Crawler

The crawl endpoint allows you to trigger a crawl of a website and stores the contents in a collection. You can enter a start url or sitemap.

POSThttps://api.scoutos.com/v1/collections/:collection_id/crawl

Crawl Website

This route triggers a crawl of a website and adds the webpage contents to a collection.

Path Params

Name
collection_id
Type
string
Description
The id of the collection to add the webpage contents to.

Required attributes

Name
sites
Type
array
Description
Array of the sites to crawl. It takes an array of objects with the shape:
start_url: string settings?: { "type": "sitemap" } metadata?: object
Settings is optional.

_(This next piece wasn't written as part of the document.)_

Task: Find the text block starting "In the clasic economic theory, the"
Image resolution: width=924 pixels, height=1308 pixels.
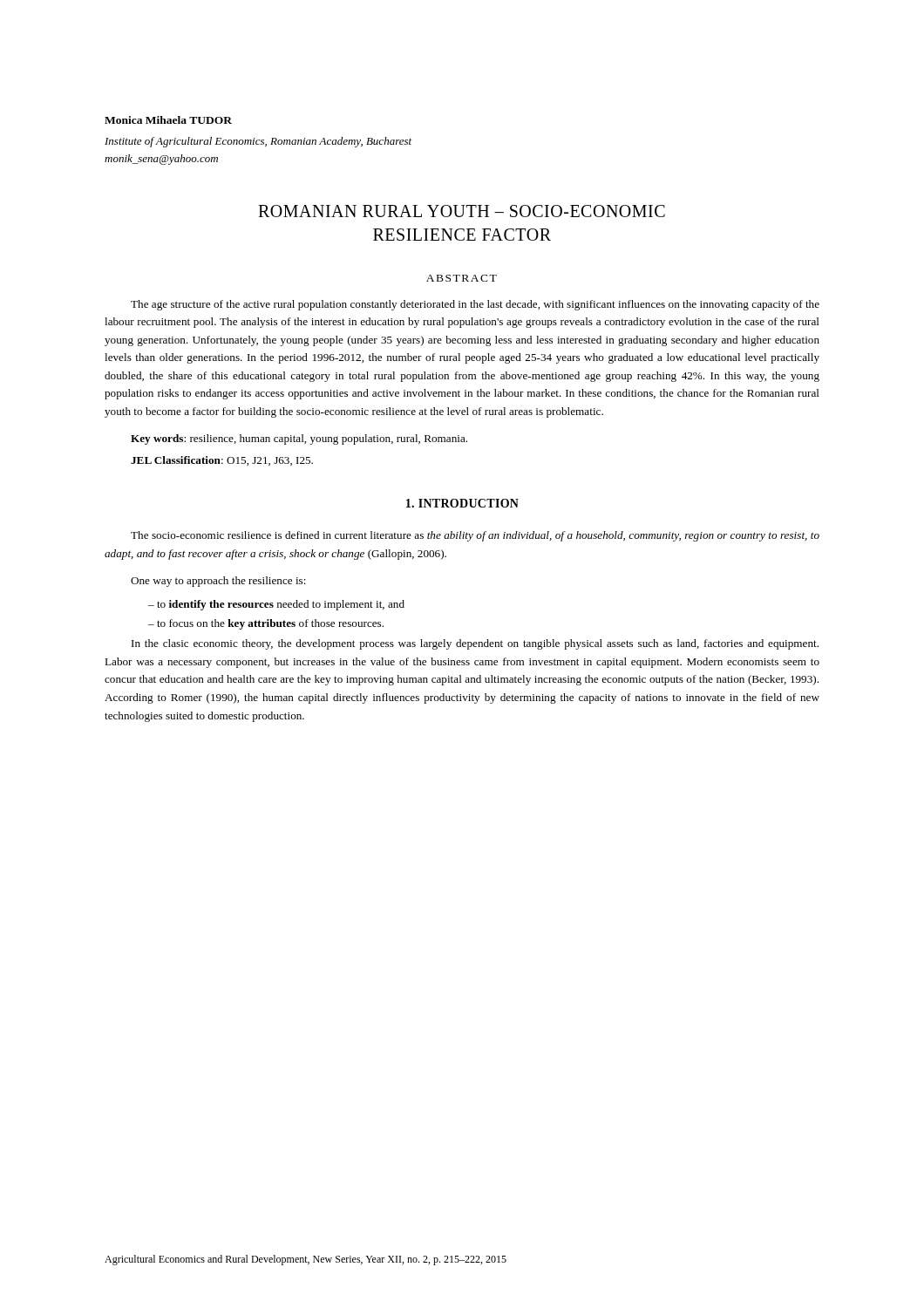Action: 462,679

Currently you only need to add it if you are scraping using a sitemap. If you are scraping from a sitemap then set the start_url to the sitemap url. Otherwise, we will crawl and discover the urls. Discovery take a bit of time right now, we are working on speeding this up.
You can also add a metadata object to the site object. This metadata will be added to the site object in the collection.This will allow you to filter by this metadata later when querying the collection.

Request

POST

https://api.scoutos.com/v1/collections/:collection_id/crawl

curl -X POST 'https://api.scoutos.com/v1/collections/:collection_id/crawl' \
--header 'Content-Type: application/json' \
--header 'Authorization: Bearer SECRET_KEY' \
--data-raw '{"sites": [{"start_url": "https://scoutos.com"}]}'

Response

{
 "ok": true
}